Bartlett outlines his bill before Congress for keeping Social Security functioning

Plan calls for investing surplus in stock market

April 01, 1999|By Mary Maushard | Mary Maushard,SUN STAFF

U.S. Rep. Roscoe G. Bartlett outlined for constituents last night his plan to keep Social Security bringing in more money than it pays out until 2020, about six years longer than expected.

The plan -- actually a bill sponsored by Bartlett and two other congressmen -- would invest a small portion of what is considered surplus Social Security money in the stock market. It got a mixed reaction during a town meeting in Westminster.

The Republican Bartlett's primer on Social Security also sparked lively discussion about the problems with the federal retirement program and other government programs.

"It seems out of character for you to recommend a temporary fix," said Stanley Dill of Westminster, who would like the government to let wage-earners put the money deducted for Social Security into individual savings accounts.

"I don't think the government can invest as wisely as I can invest," added Dill, who said Bartlett's plan would create more bureaucracy to manage the program and result in additional costs to taxpayers.

Bartlett and two Democratic congressmen -- Ed Markey of Massachusetts and Earl Pomeroy of North Dakota -- have introduced the Social Security Investment Fund bill, a stopgap measure to keep money flowing to Social Security recipients until a solution to the anticipated shortfall can be found.

By gradually investing up to 15 percent of the Social Security taxes being collected but not paid out between now and 2014, the government could earn about 5 percent more in interest per year, which would add to the money being collected, said Bartlett, who represents the 6th District.

The government has said that Social Security may dry up altogether in 2034 -- or a few years later, according to estimates reflecting the booming economy -- because its trust fund will have been spent. Bartlett called the trust fund "a giant fraud" because it is filled with IOUs instead of dollars, which the government has been using for other needs.

"This bill is a good first step that buys us precious time. It gives us six more years to find a larger solution to the problem, and it takes the money out of Washington" so it cannot be spent, Bartlett said.

Charles Stanley of Eldersburg took a moderate view of the plan, which he said was new to him. "This is a step in the right direction," he said. "You take two steps forward and one step back and finally you get where you're going. What we've got now is terrible."
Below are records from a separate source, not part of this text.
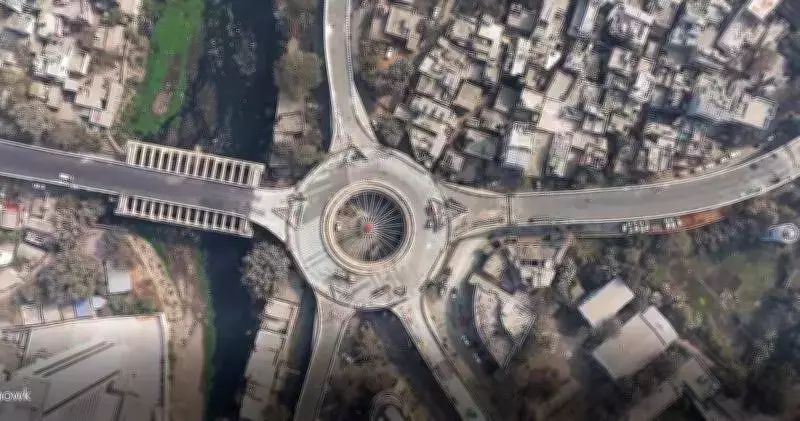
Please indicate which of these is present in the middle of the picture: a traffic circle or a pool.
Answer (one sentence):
The one visible in the middle of the picture is a traffic circle.
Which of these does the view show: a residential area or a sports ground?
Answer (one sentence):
What you see here is a residential area.
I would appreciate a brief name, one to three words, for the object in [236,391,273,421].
shed
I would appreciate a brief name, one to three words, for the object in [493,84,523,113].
house
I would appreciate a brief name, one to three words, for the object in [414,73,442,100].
house
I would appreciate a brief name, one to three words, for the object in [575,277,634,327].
building
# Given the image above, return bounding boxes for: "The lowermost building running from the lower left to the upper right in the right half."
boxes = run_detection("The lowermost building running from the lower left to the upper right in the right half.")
[619,378,685,421]
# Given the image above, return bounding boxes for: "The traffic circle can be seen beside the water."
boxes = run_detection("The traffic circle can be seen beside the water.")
[286,145,450,310]

Others in the audience of about 25 suggested stopping Social Security payments in 2014 and doing away with all federal entitlement programs so that everyone could receive a small monthly "dividend" from the government, payable out of tax dollars.

"The good thing is we're now talking about Social Security," Bartlett said at the end of the hourlong give-and-take. "Two or three years ago no one would dare mention it."